Hierarchical Prediction Structures

Hierarchical prediction structures provide:

  • Improved coding efficiency
  • Temporal scalability

A video bit stream is called temporal scalable when parts of the stream can be removed in a way that the resulting substream forms another valid bit stream for some target decoder, and the substream represents the source content with a frame rate that is smaller than the frame rate of the complete original bit stream (see  Figure 1).

In contrast to older video coding standards, the coding and display order of pictures is completely decoupled in H.264/MPEG-4 AVC. Furthermore any picture can be marked as reference picture and used for motion-compensated prediction of following pictures independent of the coding types of the corresponding slices.

These features allow the selection of arbitrary coding/prediction structures, which are not possible with older video coding standards.

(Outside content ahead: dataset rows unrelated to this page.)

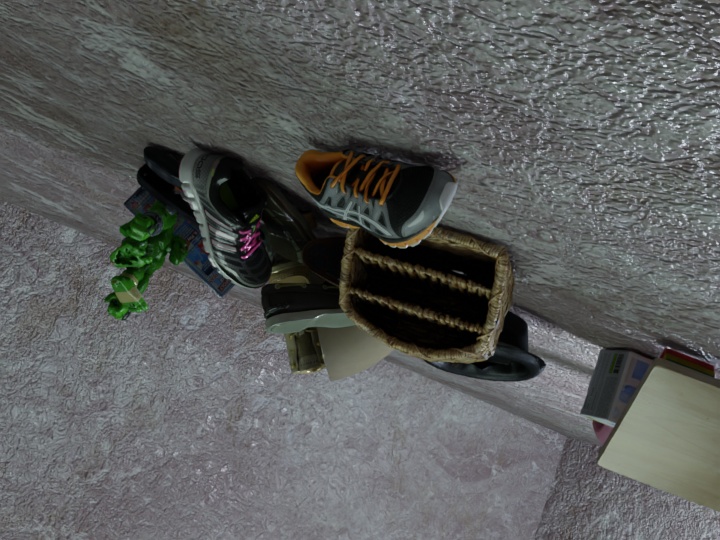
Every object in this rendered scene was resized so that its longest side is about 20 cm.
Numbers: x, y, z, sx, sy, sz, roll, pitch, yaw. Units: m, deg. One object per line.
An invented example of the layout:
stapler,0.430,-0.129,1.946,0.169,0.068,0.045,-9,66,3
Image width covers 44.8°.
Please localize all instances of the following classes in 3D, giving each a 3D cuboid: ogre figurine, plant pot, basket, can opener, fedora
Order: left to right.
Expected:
ogre figurine,-0.305,-0.028,1.235,0.097,0.120,0.201,13,134,12
can opener,-0.218,-0.085,1.172,0.200,0.063,0.079,40,178,2
plant pot,0.005,0.057,1.328,0.133,0.202,0.200,-9,168,3
basket,0.073,0.029,1.050,0.199,0.144,0.149,18,172,17
fedora,0.191,0.106,1.364,0.199,0.092,0.201,9,159,3

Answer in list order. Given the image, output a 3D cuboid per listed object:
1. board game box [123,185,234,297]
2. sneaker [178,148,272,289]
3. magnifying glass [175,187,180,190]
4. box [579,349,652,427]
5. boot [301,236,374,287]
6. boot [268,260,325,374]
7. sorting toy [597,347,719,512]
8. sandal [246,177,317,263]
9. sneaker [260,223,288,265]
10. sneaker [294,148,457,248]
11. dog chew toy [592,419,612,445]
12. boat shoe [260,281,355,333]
board game box,-0.269,-0.046,1.386,0.200,0.062,0.200,45,175,-3
sneaker,-0.150,-0.059,1.081,0.087,0.074,0.201,3,126,39
magnifying glass,-0.205,-0.108,1.272,0.199,0.023,0.080,20,172,15
box,0.458,0.207,1.333,0.199,0.113,0.101,21,173,-8
boot,0.000,0.000,1.200,0.199,0.075,0.097,12,173,-23
boot,-0.094,0.075,1.338,0.072,0.157,0.200,-11,164,-2
sorting toy,0.458,0.215,1.201,0.199,0.200,0.070,20,-144,5
sandal,-0.096,-0.069,1.173,0.081,0.055,0.200,9,152,30
sneaker,-0.147,-0.031,1.338,0.199,0.077,0.081,22,-162,-35
sneaker,0.008,-0.075,0.811,0.077,0.079,0.199,38,162,-34
dog chew toy,0.549,0.298,1.668,0.198,0.126,0.125,14,172,-7
boat shoe,-0.043,0.043,1.177,0.200,0.061,0.072,-2,159,-39
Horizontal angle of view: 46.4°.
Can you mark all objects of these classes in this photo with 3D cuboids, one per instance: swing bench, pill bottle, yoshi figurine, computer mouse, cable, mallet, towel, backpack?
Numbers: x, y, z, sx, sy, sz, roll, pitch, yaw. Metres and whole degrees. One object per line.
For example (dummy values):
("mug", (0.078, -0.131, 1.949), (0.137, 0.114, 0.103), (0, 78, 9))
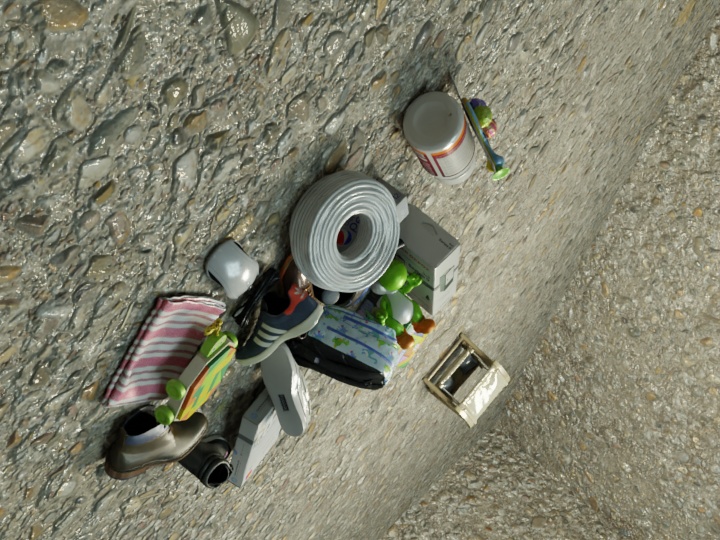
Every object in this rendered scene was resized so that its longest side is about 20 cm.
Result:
("swing bench", (0.334, 0.347, 2.632), (0.199, 0.199, 0.130), (-48, 158, -10))
("pill bottle", (0.149, -0.232, 1.516), (0.110, 0.109, 0.200), (-52, 159, -1))
("yoshi figurine", (0.076, 0.054, 1.687), (0.110, 0.202, 0.113), (-21, -162, 26))
("computer mouse", (-0.185, 0.018, 1.314), (0.110, 0.044, 0.200), (-49, 158, -8))
("cable", (-0.024, -0.061, 1.393), (0.197, 0.069, 0.204), (-16, 119, -35))
("mallet", (0.000, 0.000, 1.550), (0.197, 0.066, 0.042), (-28, 119, -7))
("towel", (-0.296, 0.125, 1.272), (0.202, 0.030, 0.146), (-58, 157, 13))
("backpack", (-0.025, 0.150, 1.616), (0.154, 0.198, 0.164), (-51, 167, -31))

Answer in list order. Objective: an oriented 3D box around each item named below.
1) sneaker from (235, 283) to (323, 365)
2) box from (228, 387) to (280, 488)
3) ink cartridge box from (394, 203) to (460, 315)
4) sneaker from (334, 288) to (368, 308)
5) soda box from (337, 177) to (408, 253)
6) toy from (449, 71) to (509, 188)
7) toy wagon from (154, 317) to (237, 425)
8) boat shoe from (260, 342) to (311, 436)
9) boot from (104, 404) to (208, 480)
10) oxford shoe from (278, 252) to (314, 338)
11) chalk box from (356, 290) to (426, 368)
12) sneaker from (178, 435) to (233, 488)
("sneaker", (-0.157, 0.088, 1.440), (0.199, 0.085, 0.075), (-34, -165, 26))
("box", (-0.200, 0.317, 1.691), (0.156, 0.041, 0.202), (-50, 163, -49))
("ink cartridge box", (0.125, -0.021, 1.739), (0.084, 0.145, 0.201), (-42, 155, -19))
("sneaker", (0.002, -0.008, 1.613), (0.202, 0.070, 0.078), (-61, 161, 21))
("soda box", (-0.002, -0.068, 1.515), (0.200, 0.068, 0.064), (-47, 156, -15))
("toy", (0.222, -0.258, 1.508), (0.046, 0.203, 0.115), (-21, 161, 9))
("toy wagon", (-0.251, 0.158, 1.333), (0.155, 0.039, 0.201), (-46, 170, -50))
("boat shoe", (-0.134, 0.216, 1.607), (0.066, 0.071, 0.204), (-48, 126, -58))
("boot", (-0.320, 0.263, 1.372), (0.199, 0.075, 0.098), (-25, 149, -46))
("oxford shoe", (-0.101, 0.035, 1.467), (0.071, 0.073, 0.202), (-33, 151, -38))
("chalk box", (0.056, 0.126, 1.852), (0.125, 0.124, 0.200), (-54, 157, 5))
("sneaker", (-0.275, 0.365, 1.583), (0.071, 0.099, 0.200), (-53, 160, -1))
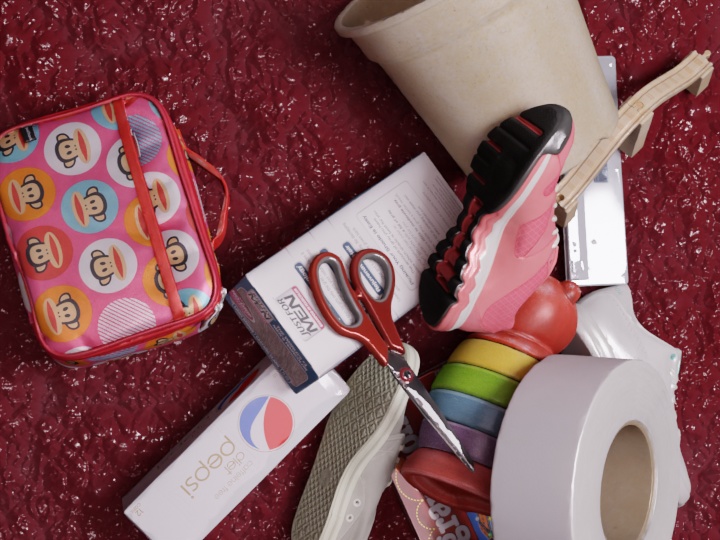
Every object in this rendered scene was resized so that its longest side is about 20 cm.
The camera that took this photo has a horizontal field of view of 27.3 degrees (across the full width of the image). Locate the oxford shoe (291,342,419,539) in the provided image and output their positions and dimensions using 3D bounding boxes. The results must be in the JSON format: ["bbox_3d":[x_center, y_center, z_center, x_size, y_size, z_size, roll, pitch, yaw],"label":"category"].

The development of the first Working Draft for the SVC standard turned out that the coding efficiency of H.264/MPEG-4 AVC can be increased, when prediction structures with so-called hierarchical B pictures are used.

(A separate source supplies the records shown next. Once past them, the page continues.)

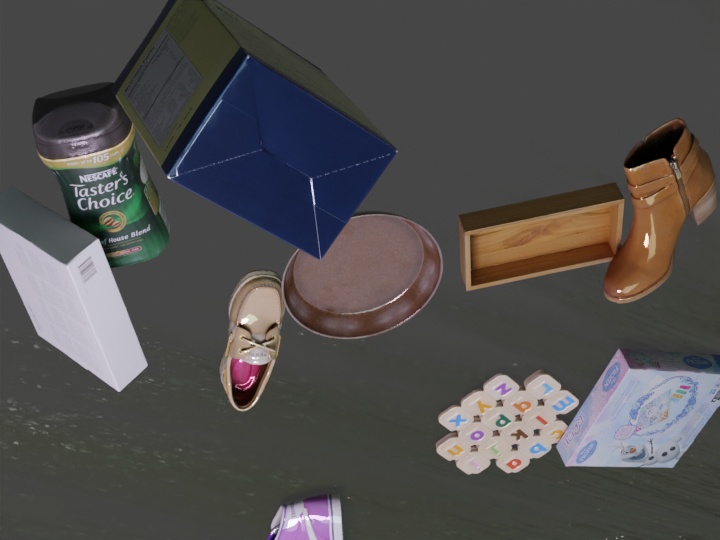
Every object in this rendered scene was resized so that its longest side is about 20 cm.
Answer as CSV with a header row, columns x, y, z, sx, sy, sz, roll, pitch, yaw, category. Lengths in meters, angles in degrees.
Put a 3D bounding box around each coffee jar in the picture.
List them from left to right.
x,y,z,sx,sy,sz,roll,pitch,yaw,category
-0.271,-0.100,1.424,0.103,0.086,0.202,-11,134,2,coffee jar

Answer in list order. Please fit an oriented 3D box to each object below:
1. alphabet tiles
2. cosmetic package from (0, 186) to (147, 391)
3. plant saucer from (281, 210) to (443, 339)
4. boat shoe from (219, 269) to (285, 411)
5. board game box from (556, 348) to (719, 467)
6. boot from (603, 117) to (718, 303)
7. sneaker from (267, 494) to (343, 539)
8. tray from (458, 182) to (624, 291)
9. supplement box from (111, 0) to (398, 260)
x,y,z,sx,sy,sz,roll,pitch,yaw,category
0.204,0.214,1.905,0.199,0.015,0.195,-37,131,19,alphabet tiles
-0.320,0.021,1.482,0.052,0.150,0.202,-44,143,-29,cosmetic package
0.000,0.000,1.633,0.197,0.035,0.202,-9,133,-9,plant saucer
-0.127,0.089,1.655,0.073,0.070,0.202,0,132,-16,boat shoe
0.404,0.198,1.920,0.196,0.044,0.201,4,131,-27,board game box
0.341,-0.070,1.605,0.200,0.077,0.156,-43,138,-3,boot
-0.078,0.404,1.970,0.112,0.073,0.203,-7,124,-4,sneaker
0.219,-0.041,1.656,0.197,0.037,0.100,-11,135,-5,tray
-0.107,-0.148,1.324,0.199,0.200,0.135,28,105,-38,supplement box
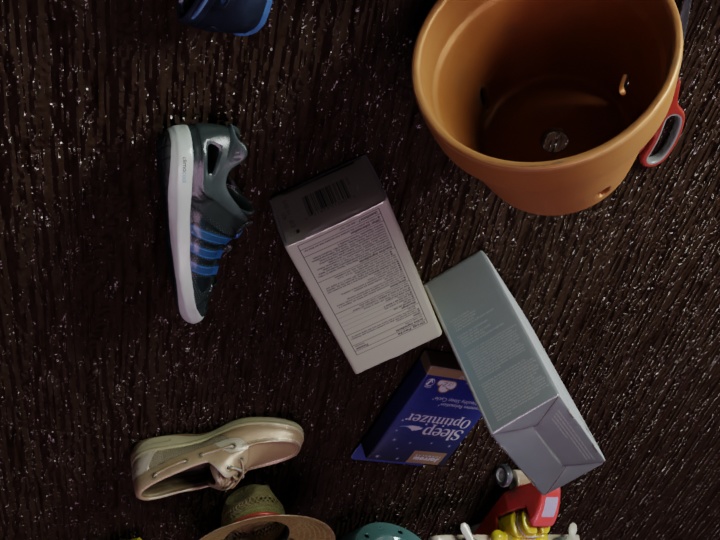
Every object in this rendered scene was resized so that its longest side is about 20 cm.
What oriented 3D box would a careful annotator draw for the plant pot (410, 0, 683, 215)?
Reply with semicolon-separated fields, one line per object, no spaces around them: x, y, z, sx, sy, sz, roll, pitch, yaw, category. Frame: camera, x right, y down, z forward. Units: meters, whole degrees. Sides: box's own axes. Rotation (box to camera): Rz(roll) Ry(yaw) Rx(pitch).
0.150;-0.135;0.697;0.198;0.202;0.140;-26;152;5;plant pot

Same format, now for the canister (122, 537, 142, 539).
-0.352;0.418;1.038;0.197;0.150;0.087;-13;135;-6;canister

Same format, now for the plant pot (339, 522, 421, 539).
0.022;0.446;1.179;0.198;0.201;0.163;11;116;-29;plant pot

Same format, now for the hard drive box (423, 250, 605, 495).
0.158;0.105;0.902;0.076;0.201;0.156;-30;134;10;hard drive box

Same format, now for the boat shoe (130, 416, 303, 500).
-0.157;0.219;0.983;0.197;0.065;0.072;-9;134;-13;boat shoe

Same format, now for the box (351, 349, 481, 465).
0.083;0.184;1.068;0.120;0.033;0.201;11;127;-29;box

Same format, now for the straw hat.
-0.132;0.313;1.067;0.198;0.086;0.203;-9;138;-8;straw hat

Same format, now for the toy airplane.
0.208;0.384;1.223;0.198;0.142;0.200;-25;136;3;toy airplane

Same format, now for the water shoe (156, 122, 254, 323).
-0.129;-0.033;0.755;0.078;0.072;0.202;-9;134;-16;water shoe

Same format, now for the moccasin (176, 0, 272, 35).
-0.083;-0.243;0.569;0.067;0.081;0.202;-10;134;-28;moccasin

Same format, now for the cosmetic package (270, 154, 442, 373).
0.000;0.000;0.835;0.104;0.072;0.201;-23;135;0;cosmetic package

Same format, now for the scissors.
0.297;-0.184;0.822;0.072;0.014;0.202;0;130;-18;scissors
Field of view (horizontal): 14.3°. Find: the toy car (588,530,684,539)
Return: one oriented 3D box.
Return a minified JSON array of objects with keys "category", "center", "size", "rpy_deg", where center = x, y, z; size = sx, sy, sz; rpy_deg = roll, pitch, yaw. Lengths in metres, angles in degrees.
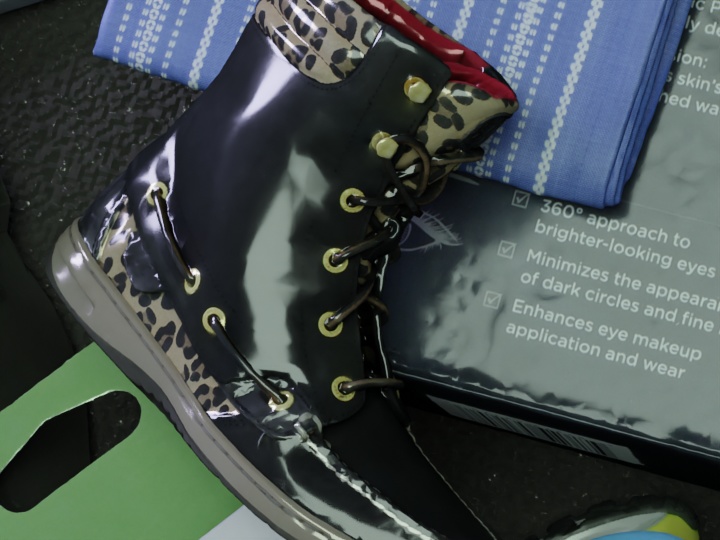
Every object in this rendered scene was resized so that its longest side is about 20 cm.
[{"category":"toy car","center":[0.033,0.210,0.918],"size":[0.199,0.177,0.185],"rpy_deg":[-12,112,12]}]

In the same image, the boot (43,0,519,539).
[{"category":"boot","center":[0.000,0.000,0.941],"size":[0.200,0.073,0.151],"rpy_deg":[43,106,29]}]

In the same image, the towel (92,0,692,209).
[{"category":"towel","center":[0.020,-0.114,0.999],"size":[0.199,0.024,0.146],"rpy_deg":[18,85,15]}]

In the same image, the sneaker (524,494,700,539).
[{"category":"sneaker","center":[0.052,0.160,1.038],"size":[0.200,0.078,0.090],"rpy_deg":[-41,84,7]}]

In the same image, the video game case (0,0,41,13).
[{"category":"video game case","center":[-0.198,-0.180,1.163],"size":[0.199,0.022,0.183],"rpy_deg":[-17,78,7]}]

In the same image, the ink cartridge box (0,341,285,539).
[{"category":"ink cartridge box","center":[-0.067,0.112,0.998],"size":[0.145,0.048,0.200],"rpy_deg":[-37,71,-5]}]

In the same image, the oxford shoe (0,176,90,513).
[{"category":"oxford shoe","center":[-0.159,0.031,1.106],"size":[0.071,0.071,0.201],"rpy_deg":[-28,74,31]}]

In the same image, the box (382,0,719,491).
[{"category":"box","center":[0.089,-0.037,1.037],"size":[0.196,0.117,0.201],"rpy_deg":[15,83,13]}]

A typical hierarchical prediction structure with 4 dyadic hierarchy stages is depicted in Figure 2(a). So-called key pictures (red in Figure 2) are coded in regular (or even irregular) intervals. As illustrated, a key picture and all pictures that are temporally located between the key picture and the previous key picture are considered to build a group of pictures (GOP). The key pictures are either intra-coded (e.g., in order to enable random access) or inter-coded using previous (key) pictures as reference for motion-compensated prediction. The remaining pictures of a GOP are hierarchically predicted as illustrated in Figure 2(a).

It is obvious that such a hierarchical prediction structure can also be employed for supporting several temporal scalability levels. Therefore, it has to be ensured that all pictures are predicted by using only pictures of a coarser or the same temporal level as references.

Figure 2(b) illustrates an example of a non-dyadic hierarchical prediction structure with 3 temporal levels and a GOP size of 9 pictures. Furthermore, by restricting the prediction from pictures that follow the current picture in display order and adjusting the coding order of pictures, the delay can be controlled. As an example Figure 2(c) show a hierarchical prediction structures with a structural delay of zero, which can also be used for delay-critical applications.

Figure 3 illustrates the coding efficiency improvements for hierarchical prediction structures. It shows the bit rates savings for different prediction structures (including “IBPBP…” and “IBBP…”) relative to simple “IPPP” coding for a constant video quality of 34 dB. For these simulations, hierarchical prediction structures with GOPs of 8 or more pictures provide on average 10 % bit rate savings relative to the often used “IBBP…” coding structure.